- Marouf in 1978

Vice President of Iraq
- In office April 1974 – April 2003 Serving with Saddam Hussein (until 1979), Izzat Ibrahim al-Douri (after 1979) and Taha Yassin Ramadan (after 1991)
- President: Ahmed Hassan al-Bakr Saddam Hussein
- Preceded by: Salih Mahdi Ammash
- Succeeded by: Izzat Ibrahim al-Douri

Personal details
- Born: 1924 Sulaymaniyah, Mandatory Iraq
- Died: 7 August 2009 (aged 84–85) Amman, Jordan
- Party: Iraqi Regional Branch of the Arab Socialist Ba'ath Party

= Taha Muhie-eldin Marouf =

5th vice president of Iraq

Taha Muhie-eldin Marouf (طٰهٰ مُحْيِي الدِّين مَعْرُوف; 1924 – 7 August 2009) was an Iraqi-Kurdish politician and diplomat who served as the vice president of Iraq from 1974 until the U.S. invasion in April 2003. He was also a member of the Revolutionary Command Council, making him one of the few Kurdish leaders to hold a prominent position within the Baathist regime, albeit in a largely ceremonial capacity.

==Early life==
He was born in 1924 in Sulaymaniyah, into a wealthy and influential Kurdish family in Sulaymaniah, Kurdistan of Iraq. He completed his secondary education in his hometown and graduated from the College of Law in Baghdad in 1948. After practicing law, he entered politics, joining the Kurdish Rizgari Liberation Party in 1945. He later contributed to the establishment of the Kurdistan Democratic Party (KDP) in 1946, serving as a member of its Central Committee. His older brother Qader Agha was the head of the Sulaymaniyah Municipal Council.

==Political life==
Marouf's political career spanned several decades, beginning with his role in the KDP and evolving through various governmental and diplomatic positions. After leaving the KDP following internal splits in 1964, he joined the Ibrahim Ahmed and Jalal Talabani wing of the party before transitioning to the diplomatic corps in the 1960s.

When the Arab Socialist Baath Party seized power in 1968, Marouf joined in same year. In 1970, he became his country's ambassador abroad after the March 1970 statement. Marouf proved to be a successful diplomat due to his proficiency in many languages.

He held several ministerial positions, such as Minister of State and Acting Minister of Public Works. Following the failure of the Kurdish rebellion in 1975 and the signing of the Algiers Agreement between Iraq and Iran, Marouf was appointed Vice President under Ahmed Hassan al-Bakr. He continued in this role when Saddam Hussein assumed the presidency in 1979, serving until the US invasion in 2003.

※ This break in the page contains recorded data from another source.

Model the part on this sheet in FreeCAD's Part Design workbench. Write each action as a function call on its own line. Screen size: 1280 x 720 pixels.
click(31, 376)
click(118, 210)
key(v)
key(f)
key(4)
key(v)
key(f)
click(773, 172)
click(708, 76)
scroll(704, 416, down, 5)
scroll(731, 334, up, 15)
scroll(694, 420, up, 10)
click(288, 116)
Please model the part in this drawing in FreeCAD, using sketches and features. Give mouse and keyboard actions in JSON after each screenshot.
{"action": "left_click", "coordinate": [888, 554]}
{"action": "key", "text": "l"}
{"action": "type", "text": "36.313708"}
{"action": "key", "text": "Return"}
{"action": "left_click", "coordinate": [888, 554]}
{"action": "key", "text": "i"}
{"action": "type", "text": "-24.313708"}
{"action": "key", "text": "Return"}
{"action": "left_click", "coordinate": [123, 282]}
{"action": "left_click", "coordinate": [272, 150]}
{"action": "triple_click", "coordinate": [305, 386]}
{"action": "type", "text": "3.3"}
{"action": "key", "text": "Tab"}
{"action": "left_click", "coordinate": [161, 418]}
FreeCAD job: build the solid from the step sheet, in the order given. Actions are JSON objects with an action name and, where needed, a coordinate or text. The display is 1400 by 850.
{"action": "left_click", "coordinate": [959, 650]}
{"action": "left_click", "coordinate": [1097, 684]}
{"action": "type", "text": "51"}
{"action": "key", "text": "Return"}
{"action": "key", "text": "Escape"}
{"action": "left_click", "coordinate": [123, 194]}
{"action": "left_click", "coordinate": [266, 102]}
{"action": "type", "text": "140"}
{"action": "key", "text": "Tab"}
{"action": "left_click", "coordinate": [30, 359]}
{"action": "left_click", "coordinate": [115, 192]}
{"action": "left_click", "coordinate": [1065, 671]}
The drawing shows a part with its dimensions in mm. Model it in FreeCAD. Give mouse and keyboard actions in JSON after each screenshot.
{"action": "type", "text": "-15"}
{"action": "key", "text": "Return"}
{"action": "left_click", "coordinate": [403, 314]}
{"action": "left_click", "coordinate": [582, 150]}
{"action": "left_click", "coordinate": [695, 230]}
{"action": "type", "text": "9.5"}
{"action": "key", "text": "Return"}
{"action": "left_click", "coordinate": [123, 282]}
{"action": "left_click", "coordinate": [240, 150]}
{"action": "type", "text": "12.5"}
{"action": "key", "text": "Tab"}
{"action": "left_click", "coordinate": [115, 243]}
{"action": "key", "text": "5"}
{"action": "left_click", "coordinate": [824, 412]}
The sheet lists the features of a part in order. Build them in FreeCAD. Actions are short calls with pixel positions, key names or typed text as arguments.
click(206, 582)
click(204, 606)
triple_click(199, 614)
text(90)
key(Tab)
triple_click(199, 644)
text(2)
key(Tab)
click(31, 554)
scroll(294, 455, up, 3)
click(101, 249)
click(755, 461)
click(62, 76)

Marouf was an ethnic Kurd in Saddam Hussein's Ba'ath Party hierarchy, but the Kurdish community viewed his appointment as a mere gesture, believing that he had little real power. However, he did serve as ambassador to Italy, Malta, and Albania. Marouf represented the president at formal events, protocol visits, and certain international forums.

== Iraq War ==
It was announced that Marouf was taken into custody on 2 May 2003. He had been captured with two other Saddam deputies Abd al-Tawab Mullah Huwaysh, director of the Office of Military Industrialization and a deputy prime minister in charge of arms procurement, and Mizban Khadr Hadi commander of one of four military regions Saddam established on the eve of the 2003 invasion of Iraq. Marouf was #24 (initially #42) on the U.S. list of most-wanted Iraqis. He was represented by the nine of diamonds in the most-wanted Iraqi playing cards.

On May 3, 2003, American forces detained him and placed him in their custody. However, he was later released, as no evidence linked him to war crimes or crimes against humanity, unlike other officials from the former regime. Seen largely as a symbolic representative of the Kurds, his role did not attract significant allegations. Following his release, he relocated to the Kurdistan region in northern Iraq, where he spent the remainder of his years.

== Death ==
He died on 7 August 2009 in Amman, Jordan. He was buried in Erbil, Kurdistan Region the following day.